### The records

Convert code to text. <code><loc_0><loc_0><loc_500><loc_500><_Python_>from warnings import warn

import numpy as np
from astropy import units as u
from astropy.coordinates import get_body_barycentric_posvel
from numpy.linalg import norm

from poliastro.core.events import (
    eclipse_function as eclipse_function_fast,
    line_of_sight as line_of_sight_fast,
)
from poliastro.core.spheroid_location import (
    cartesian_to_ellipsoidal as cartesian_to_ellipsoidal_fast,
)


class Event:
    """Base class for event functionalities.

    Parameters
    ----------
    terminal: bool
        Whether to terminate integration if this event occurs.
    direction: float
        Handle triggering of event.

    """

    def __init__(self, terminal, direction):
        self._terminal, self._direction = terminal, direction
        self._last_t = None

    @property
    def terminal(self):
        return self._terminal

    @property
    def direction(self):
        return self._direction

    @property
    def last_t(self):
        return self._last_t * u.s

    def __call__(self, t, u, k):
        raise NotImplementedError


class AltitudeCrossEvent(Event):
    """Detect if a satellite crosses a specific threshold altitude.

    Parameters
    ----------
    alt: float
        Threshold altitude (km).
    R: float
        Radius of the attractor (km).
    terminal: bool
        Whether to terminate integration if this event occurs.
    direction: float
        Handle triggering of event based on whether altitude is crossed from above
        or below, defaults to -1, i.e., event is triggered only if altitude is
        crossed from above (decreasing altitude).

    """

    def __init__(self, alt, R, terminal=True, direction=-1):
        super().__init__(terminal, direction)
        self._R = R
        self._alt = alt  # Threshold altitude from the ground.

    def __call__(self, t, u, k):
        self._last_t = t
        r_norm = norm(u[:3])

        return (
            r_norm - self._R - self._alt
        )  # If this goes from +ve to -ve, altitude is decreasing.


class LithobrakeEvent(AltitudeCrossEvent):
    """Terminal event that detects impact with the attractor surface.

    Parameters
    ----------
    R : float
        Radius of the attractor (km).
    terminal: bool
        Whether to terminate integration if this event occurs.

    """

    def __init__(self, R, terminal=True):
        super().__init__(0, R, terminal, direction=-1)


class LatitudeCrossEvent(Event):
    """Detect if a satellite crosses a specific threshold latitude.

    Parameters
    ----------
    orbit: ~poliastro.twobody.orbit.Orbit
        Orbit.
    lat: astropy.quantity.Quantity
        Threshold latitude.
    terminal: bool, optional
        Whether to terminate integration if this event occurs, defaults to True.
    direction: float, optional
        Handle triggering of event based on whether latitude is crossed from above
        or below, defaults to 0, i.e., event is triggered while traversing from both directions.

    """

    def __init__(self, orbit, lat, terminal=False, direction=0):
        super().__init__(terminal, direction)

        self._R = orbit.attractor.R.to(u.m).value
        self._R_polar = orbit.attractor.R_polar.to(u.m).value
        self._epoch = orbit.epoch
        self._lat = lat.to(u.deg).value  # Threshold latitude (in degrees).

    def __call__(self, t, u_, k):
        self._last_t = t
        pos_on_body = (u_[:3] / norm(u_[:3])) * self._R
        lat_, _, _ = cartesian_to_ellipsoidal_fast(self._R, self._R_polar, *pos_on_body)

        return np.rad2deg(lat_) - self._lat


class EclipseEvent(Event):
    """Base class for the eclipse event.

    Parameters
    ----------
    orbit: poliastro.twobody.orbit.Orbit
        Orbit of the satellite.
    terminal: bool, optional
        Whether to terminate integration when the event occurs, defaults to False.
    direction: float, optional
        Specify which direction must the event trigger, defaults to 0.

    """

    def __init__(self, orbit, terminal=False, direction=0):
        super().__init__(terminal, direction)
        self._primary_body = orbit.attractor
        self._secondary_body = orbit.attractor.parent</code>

######

## Requirement
Print the records once more, exactly as they were given.

## Answer for the task
Convert code to text. <code><loc_0><loc_0><loc_500><loc_500><_Python_>from warnings import warn

import numpy as np
from astropy import units as u
from astropy.coordinates import get_body_barycentric_posvel
from numpy.linalg import norm

from poliastro.core.events import (
    eclipse_function as eclipse_function_fast,
    line_of_sight as line_of_sight_fast,
)
from poliastro.core.spheroid_location import (
    cartesian_to_ellipsoidal as cartesian_to_ellipsoidal_fast,
)


class Event:
    """Base class for event functionalities.

    Parameters
    ----------
    terminal: bool
        Whether to terminate integration if this event occurs.
    direction: float
        Handle triggering of event.

    """

    def __init__(self, terminal, direction):
        self._terminal, self._direction = terminal, direction
        self._last_t = None

    @property
    def terminal(self):
        return self._terminal

    @property
    def direction(self):
        return self._direction

    @property
    def last_t(self):
        return self._last_t * u.s

    def __call__(self, t, u, k):
        raise NotImplementedError


class AltitudeCrossEvent(Event):
    """Detect if a satellite crosses a specific threshold altitude.

    Parameters
    ----------
    alt: float
        Threshold altitude (km).
    R: float
        Radius of the attractor (km).
    terminal: bool
        Whether to terminate integration if this event occurs.
    direction: float
        Handle triggering of event based on whether altitude is crossed from above
        or below, defaults to -1, i.e., event is triggered only if altitude is
        crossed from above (decreasing altitude).

    """

    def __init__(self, alt, R, terminal=True, direction=-1):
        super().__init__(terminal, direction)
        self._R = R
        self._alt = alt  # Threshold altitude from the ground.

    def __call__(self, t, u, k):
        self._last_t = t
        r_norm = norm(u[:3])

        return (
            r_norm - self._R - self._alt
        )  # If this goes from +ve to -ve, altitude is decreasing.


class LithobrakeEvent(AltitudeCrossEvent):
    """Terminal event that detects impact with the attractor surface.

    Parameters
    ----------
    R : float
        Radius of the attractor (km).
    terminal: bool
        Whether to terminate integration if this event occurs.

    """

    def __init__(self, R, terminal=True):
        super().__init__(0, R, terminal, direction=-1)


class LatitudeCrossEvent(Event):
    """Detect if a satellite crosses a specific threshold latitude.

    Parameters
    ----------
    orbit: ~poliastro.twobody.orbit.Orbit
        Orbit.
    lat: astropy.quantity.Quantity
        Threshold latitude.
    terminal: bool, optional
        Whether to terminate integration if this event occurs, defaults to True.
    direction: float, optional
        Handle triggering of event based on whether latitude is crossed from above
        or below, defaults to 0, i.e., event is triggered while traversing from both directions.

    """

    def __init__(self, orbit, lat, terminal=False, direction=0):
        super().__init__(terminal, direction)

        self._R = orbit.attractor.R.to(u.m).value
        self._R_polar = orbit.attractor.R_polar.to(u.m).value
        self._epoch = orbit.epoch
        self._lat = lat.to(u.deg).value  # Threshold latitude (in degrees).

    def __call__(self, t, u_, k):
        self._last_t = t
        pos_on_body = (u_[:3] / norm(u_[:3])) * self._R
        lat_, _, _ = cartesian_to_ellipsoidal_fast(self._R, self._R_polar, *pos_on_body)

        return np.rad2deg(lat_) - self._lat


class EclipseEvent(Event):
    """Base class for the eclipse event.

    Parameters
    ----------
    orbit: poliastro.twobody.orbit.Orbit
        Orbit of the satellite.
    terminal: bool, optional
        Whether to terminate integration when the event occurs, defaults to False.
    direction: float, optional
        Specify which direction must the event trigger, defaults to 0.

    """

    def __init__(self, orbit, terminal=False, direction=0):
        super().__init__(terminal, direction)
        self._primary_body = orbit.attractor
        self._secondary_body = orbit.attractor.parent</code>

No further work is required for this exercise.